Баталион наш ушел в Галицию с Миллером-Закомельским. Эскадрон Станковича со всеми его офицерами остается здесь под названием резервного и вместе с запасным будет находиться под начальством Павлищева; я также, будучи офицером эскадрона Станковича, остаюсь здесь; хотя мне и очень хотелось быть опять за границею и в действии, но Станкович говорит: «Куда не посылают, не напрашивайся; куда посылают, не отказывайся! Этим правилом руководствуются люди испытанной храбрости». Совет его и отличное общество офицеров, вместе со мною остающихся, помогли мне видеть с меньшим сожалением отъезд наших храбрых гусар за границу; случай сделал, что и любезнейшая из полковых дам осталась здесь же. Я хотя и убегаю женщин, но только не жен и дочерей моих однополчан; их я очень люблю; это прекраснейшие существа в мире! Всегда добры, всегда обязательны, живы, смелы, веселы, любят ездить верхом, гулять, смеяться, танцевать! Нет причуд, нет капризов. О, женщины полковые совсем не то, что женщины всех других состояний! С теми я добровольно и четверти часа не пробыла бы вместе. Правда, что и мои однополчанки не пропускают случая приводить меня в краску, называя в шутку: гусар-девка! Но, будучи всегда с ними, привыкаю к этому названию и иногда столько осмеливаюсь, что спрашиваю у них: «Что вы находите во мне сходного с девкою?» - «Тонкий стан, - отвечают они, - маленькие ноги и румянец, какой каждая из нас охотно желала бы иметь; поэтому мы и называем вас гусаром-девицею и - с позволения вашего - несколько и подозреваем, не по справедливости ли даем вам это название!» Слыша почти каждый день подобные шутки, я так привыкла к ним, что никогда уже почти не прихожу в замешательство.

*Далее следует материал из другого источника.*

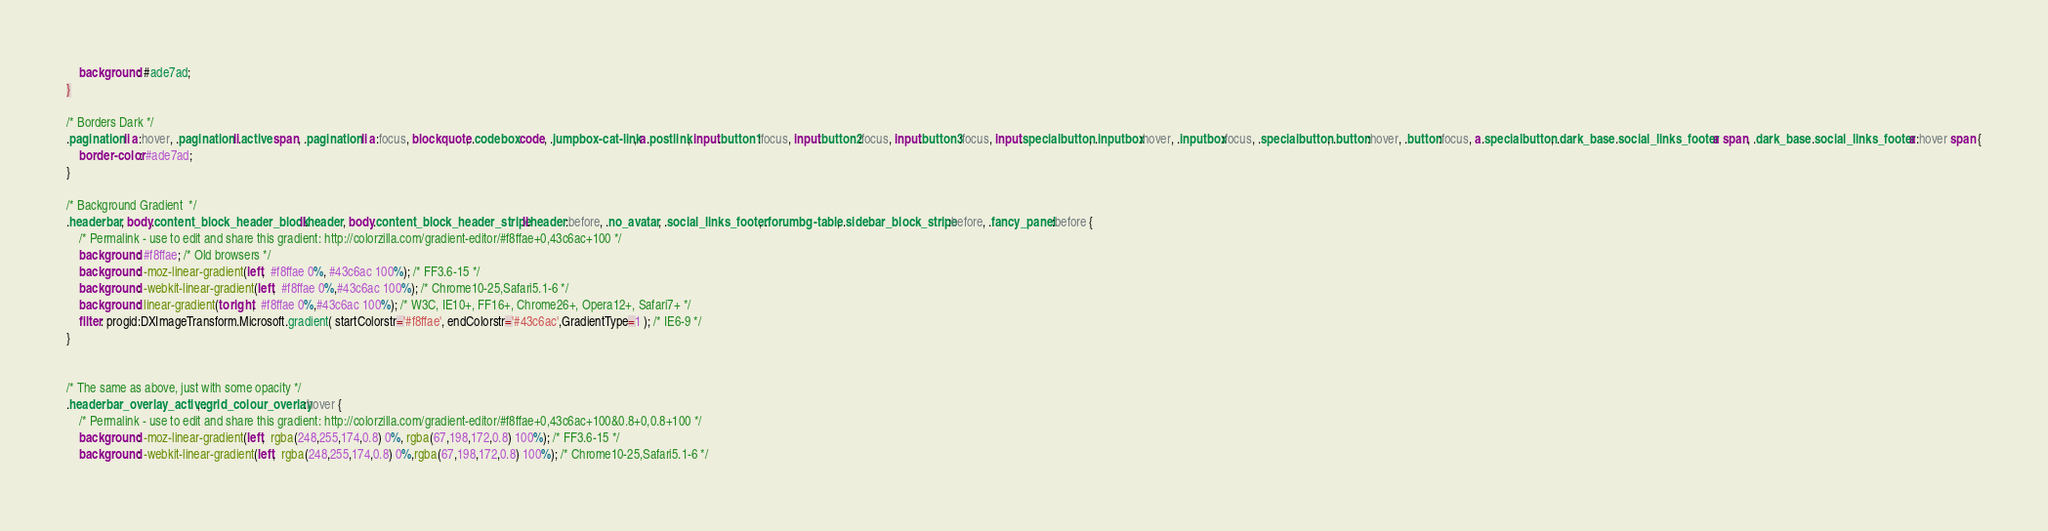<code> <loc_0><loc_0><loc_500><loc_500><_CSS_>	background: #ade7ad;	
}

/* Borders Dark */
.pagination li a:hover, .pagination li.active span, .pagination li a:focus, blockquote, .codebox code, .jumpbox-cat-link, a.postlink, input.button1:focus, input.button2:focus, input.button3:focus, input.specialbutton, .inputbox:hover, .inputbox:focus, .specialbutton, .button:hover, .button:focus, a.specialbutton, .dark_base .social_links_footer a span, .dark_base .social_links_footer a:hover span {
	border-color: #ade7ad;
}

/* Background Gradient  */
.headerbar, body.content_block_header_block li.header, body.content_block_header_stripe li.header:before, .no_avatar, .social_links_footer, .forumbg-table, .sidebar_block_stripe:before, .fancy_panel:before {
	/* Permalink - use to edit and share this gradient: http://colorzilla.com/gradient-editor/#f8ffae+0,43c6ac+100 */
	background: #f8ffae; /* Old browsers */
	background: -moz-linear-gradient(left,  #f8ffae 0%, #43c6ac 100%); /* FF3.6-15 */
	background: -webkit-linear-gradient(left,  #f8ffae 0%,#43c6ac 100%); /* Chrome10-25,Safari5.1-6 */
	background: linear-gradient(to right,  #f8ffae 0%,#43c6ac 100%); /* W3C, IE10+, FF16+, Chrome26+, Opera12+, Safari7+ */
	filter: progid:DXImageTransform.Microsoft.gradient( startColorstr='#f8ffae', endColorstr='#43c6ac',GradientType=1 ); /* IE6-9 */
}


/* The same as above, just with some opacity */
.headerbar_overlay_active, .grid_colour_overlay:hover {
	/* Permalink - use to edit and share this gradient: http://colorzilla.com/gradient-editor/#f8ffae+0,43c6ac+100&0.8+0,0.8+100 */
	background: -moz-linear-gradient(left,  rgba(248,255,174,0.8) 0%, rgba(67,198,172,0.8) 100%); /* FF3.6-15 */
	background: -webkit-linear-gradient(left,  rgba(248,255,174,0.8) 0%,rgba(67,198,172,0.8) 100%); /* Chrome10-25,Safari5.1-6 */</code> 
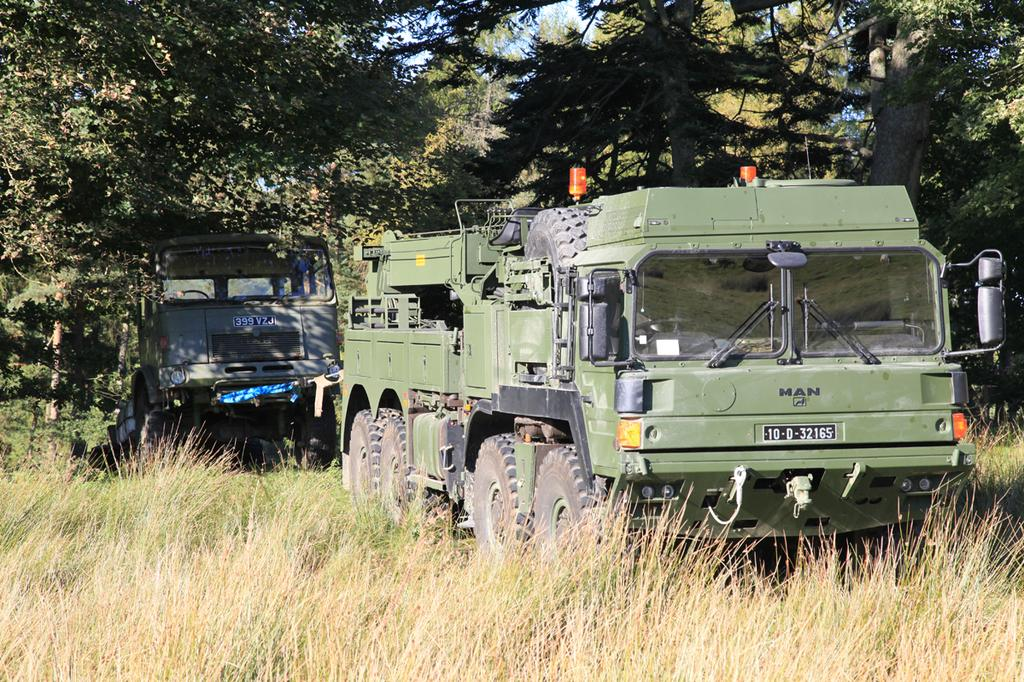What can be seen in the center of the image? There are two vehicles with number plates in the center of the image. What is visible in the background of the image? The sky, trees, and grass are visible in the background of the image. Can you tell me how many crooks are hiding behind the trees in the image? There are no crooks present in the image; it only features two vehicles with number plates, the sky, trees, and grass in the background. 
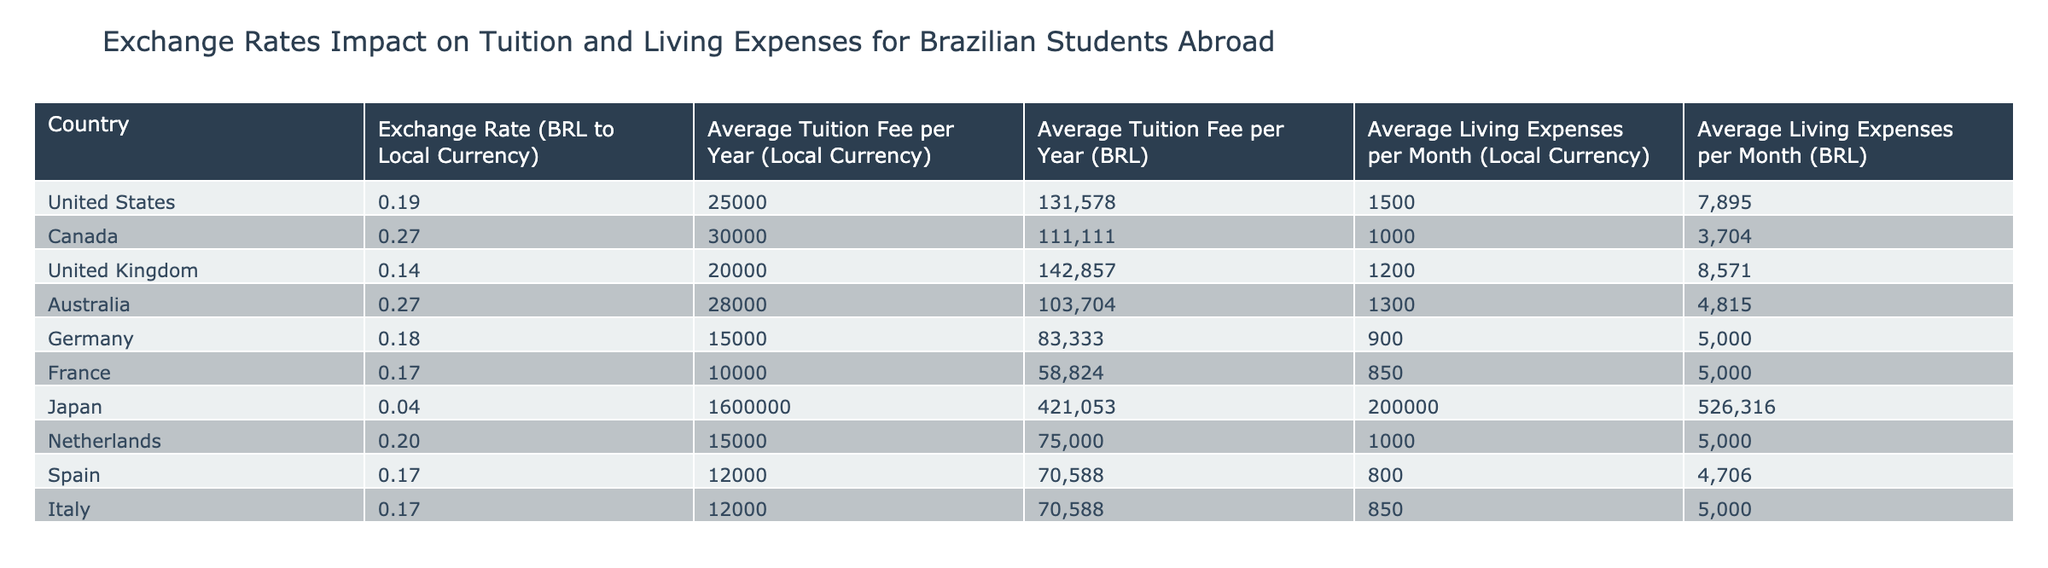What is the average tuition fee in BRL for students in Germany? The average tuition fee per year in Germany is listed as 83333 BRL.
Answer: 83333 BRL Which country has the highest living expenses per month in BRL? By reviewing the living expenses per month column in BRL, Japan shows the highest value at 526316 BRL.
Answer: Japan What is the total tuition cost required for a student in Canada over four years? The average tuition fee per year in Canada is 111111 BRL. Therefore, over four years, the total cost would be 111111 * 4 = 444444 BRL.
Answer: 444444 BRL Is the average monthly living expense higher in the United States than in Australia? The average monthly living expense in the United States is 7895 BRL, while in Australia it is 4815 BRL. Since 7895 is greater than 4815, the statement is true.
Answer: Yes What is the difference in average tuition fees between the United States and the United Kingdom in BRL? The average tuition fee in the United States is 131578 BRL, and in the United Kingdom, it is 142857 BRL. The difference is 142857 - 131578 = 12279 BRL.
Answer: 12279 BRL Which two countries have the same average tuition fee in BRL and what is that fee? By examining the tuition fee data, we see that Spain and Italy both have an average tuition fee of 70588 BRL.
Answer: Spain and Italy, 70588 BRL What is the average living expense per month in BRL across all countries listed? To find the average living expense per month, we add up all the monthly expenses in BRL: (7895 + 3704 + 8571 + 4815 + 5000 + 5000 + 526316 + 5000 + 4706 + 5000) = 537132. Then we divide this total by the number of countries (10), resulting in 537132 / 10 = 53713.2 BRL.
Answer: 53713.2 BRL Is the average living expense in France lower than in Germany? In France, the average living expense per month is 5000 BRL, while in Germany it is also 5000 BRL. They are equal, so the statement is false.
Answer: No 
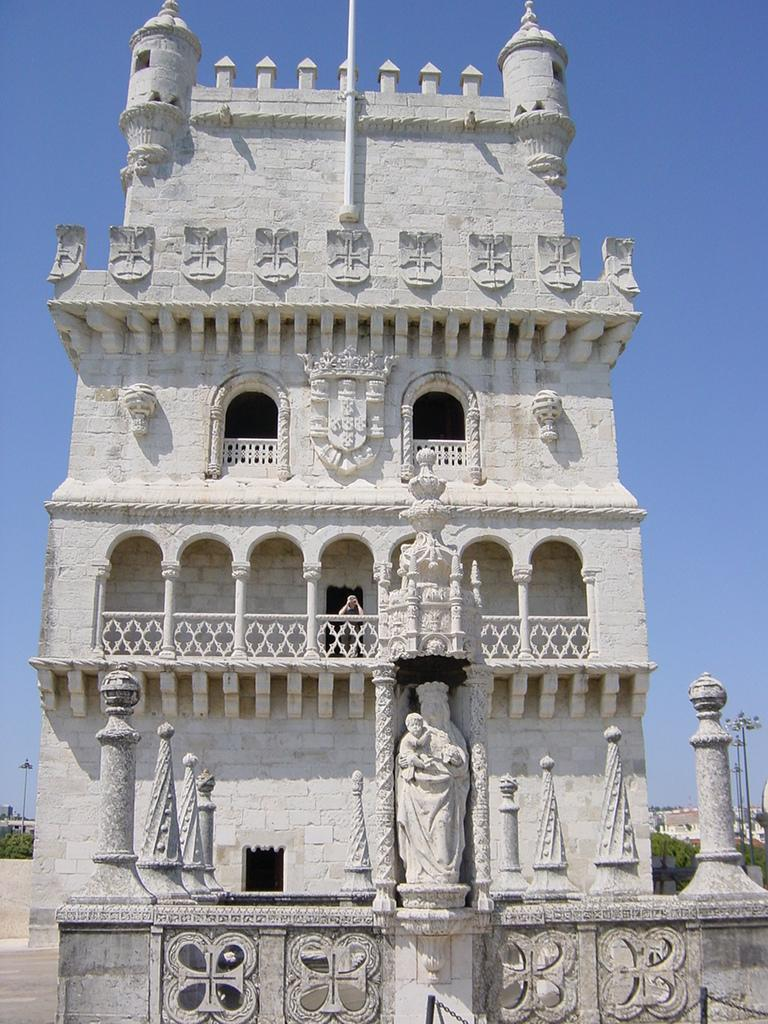What type of structure is visible in the image? There is a building in the image. What features can be seen on the building? The building has windows and a railing. What other objects are present in the image? There are statues, a group of poles, and a group of trees in the background of the image. What can be seen in the background of the image? There are light poles and the sky visible in the background of the image. What type of cakes are being served at the crime scene in the image? There is no crime scene or cakes present in the image. The image features a building with various objects and features, but no mention of cakes or a crime scene. 
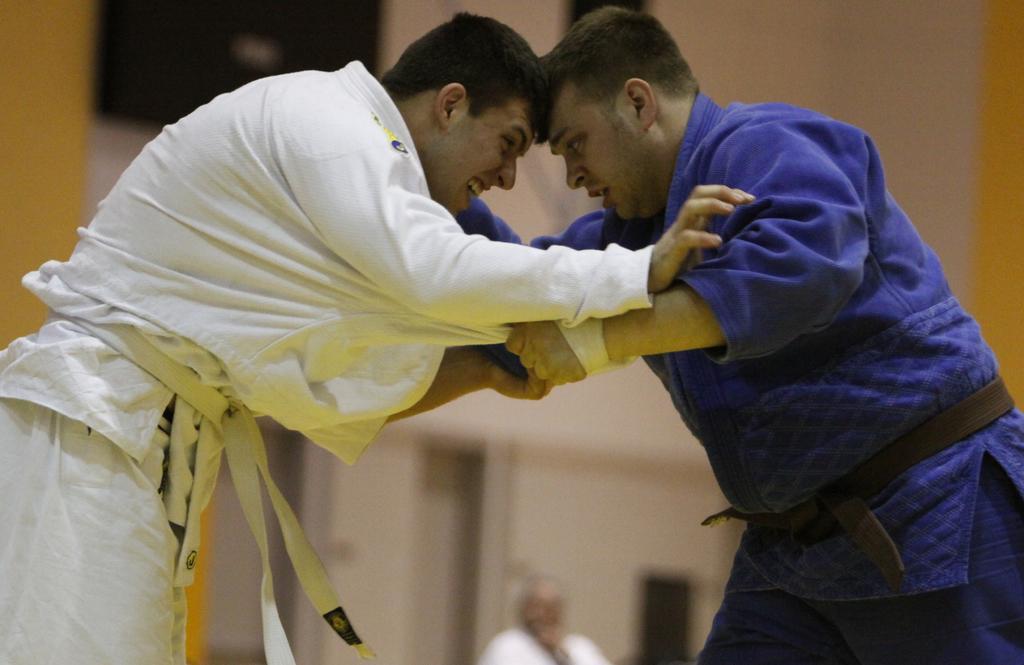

Мы стоим на границах Галиции в местечке Колодно; здесь сухая граница, и обязанность наша делать разъезды и иметь надзор над исправностью казачьего кордона. Колодно принадлежит Швейковскому; у него красавица жена, воспитанная в Париже. Большая каштановая аллея, темная как ночь, ведет от крыльца помещичьего дома к нс-большому беленькому домику, обсаженному кругом липами. В этом домике живет эконом с доброю женою и двумя веселыми, резвыми, милыми дочерьми; в этом домике все мы бываем каждый день. Я замечаю, что товарищи мои сидят здесь долее, нежели у гордой и прекрасной Швейковской.